Price Change	rrr	IL(r)
0%	1.0	0.00%
+10%	1.1	-0.47%
+25%	1.25	-0.53%
+50%	1.5	-2.04%
+100%	2.0	-5.72%
+200%	3.0	-13.40%
+400%	5.0	-25.48%

Pool value reduction

Trading (including arbitrage) in Uniswap does not reduce the total token reserves; it only changes their composition.

• Reserves (quantities): Tokens are swapped in a zero‑sum way between traders and the pool, following the CPMM rule
• Dollar‑value composition: Liquidity providers lose dollar‑value exposure to the more appreciating token and gain exposure to the more depreciating one, which can reduce the dollar value of their LP position relative to simply holding the two tokens.

Example

Below there is a basic example (no fees) that shows that arbitrageur’s monetary profit is the impermanent loss

Arbitrage

Step	Event	ETH Reserve	USDC Reserve	Value @ $2,200	Notes
0	Deposit	100.00000000	200,000.00000	$400,000.00	k = 20,000,000
1	Market → $2,200	100.00000000	200,000.00000	$400,000.00	Hold value = $420,000
2	Arb adds 10,000 USDC	100.00000000	210,000.00000	$422,000.00	temp k = 21,000,000
3	CPMM: k/210,000	95.23809524	210,000.00000	$419,523.81	IL = -$476.19
4	Arb output	4.76190476 ETH	-10,000.00	+$476.19 profit	10k/4.76190476 = $2,100 avg

Holding

Step	Event	ETH	USDC	Value @ $2,200	Notes
0	Deposit	100.00000000	200,000.00000	$400,000.00	Same start
1	Market → $2,200	100.00000000	200,000.00000	$420,000.00	+5.00%
2	No trades	100.00000000	200,000.00000	$420,000.00	Perfect

Arbitrage profit = LP impermanent loss exactly.

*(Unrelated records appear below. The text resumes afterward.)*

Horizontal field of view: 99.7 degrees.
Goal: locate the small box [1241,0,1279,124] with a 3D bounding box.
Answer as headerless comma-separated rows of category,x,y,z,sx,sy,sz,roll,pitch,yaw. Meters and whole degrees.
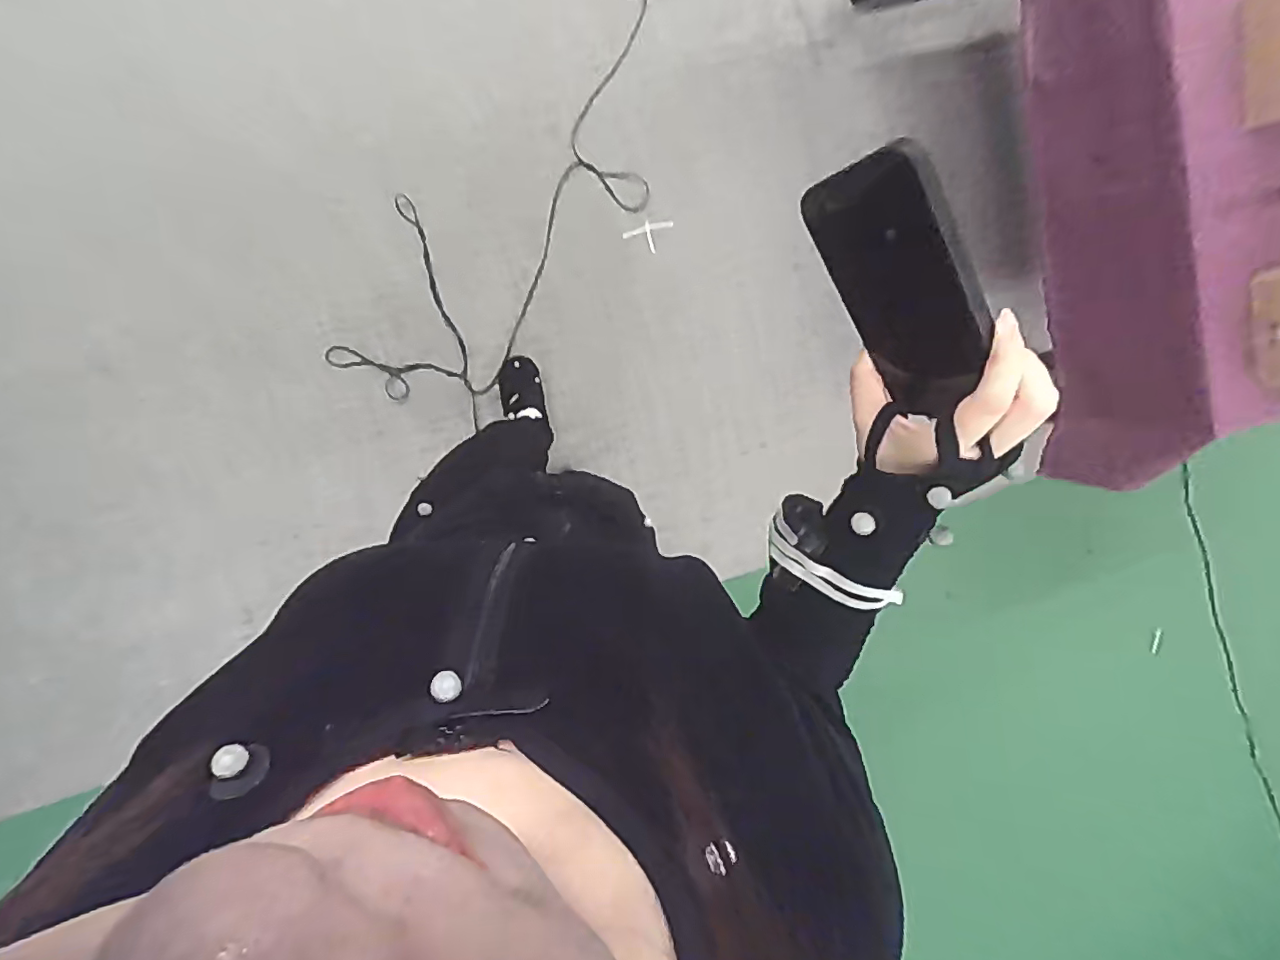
small box,0.980,-0.626,0.732,0.168,0.176,0.179,-14,101,-6

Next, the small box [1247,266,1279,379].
small box,1.065,-0.250,0.797,0.168,0.176,0.179,-18,100,-6
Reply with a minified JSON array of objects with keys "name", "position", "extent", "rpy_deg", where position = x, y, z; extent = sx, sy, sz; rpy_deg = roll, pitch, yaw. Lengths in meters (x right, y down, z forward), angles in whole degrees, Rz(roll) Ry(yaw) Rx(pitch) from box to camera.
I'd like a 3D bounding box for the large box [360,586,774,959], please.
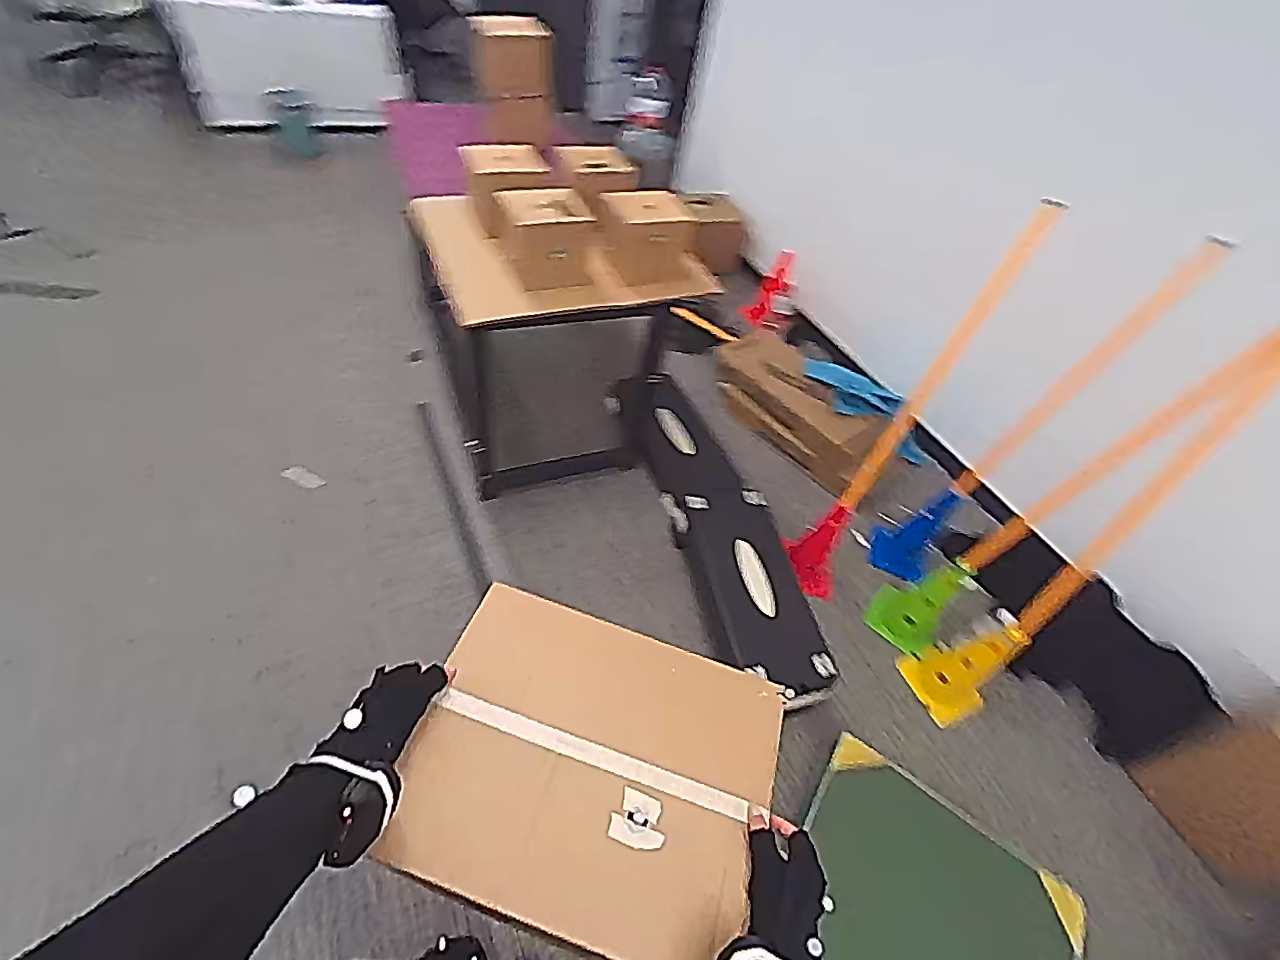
[{"name":"large box","position":[-0.076,0.402,0.731],"extent":[0.408,0.320,0.320],"rpy_deg":[18,50,4]}]

Hypothetical arbitrage with market prices

Step	Event	ETH Reserve	USDC Reserve	Value @ $2,200	Notes
0	Deposit	100.00000000	200,000.00000	$400,000.00	Same
1	Market → $2,200	100.00000000	200,000.00000	$400,000.00	Stale
2	Arb adds 10,000 USDC	100.00000000	210,000.00000	$422,000.00	Same input
3	Market: 210k/2,200	95.45454545	210,000.00000	$420,000.00	IL = $0
4	Arb output	4.54545455 ETH	-10,000.00	$0 profit	Fair price

Market-price rebalancing keeps the $476.19 in the pool instead of transferring it to arbitrageurs.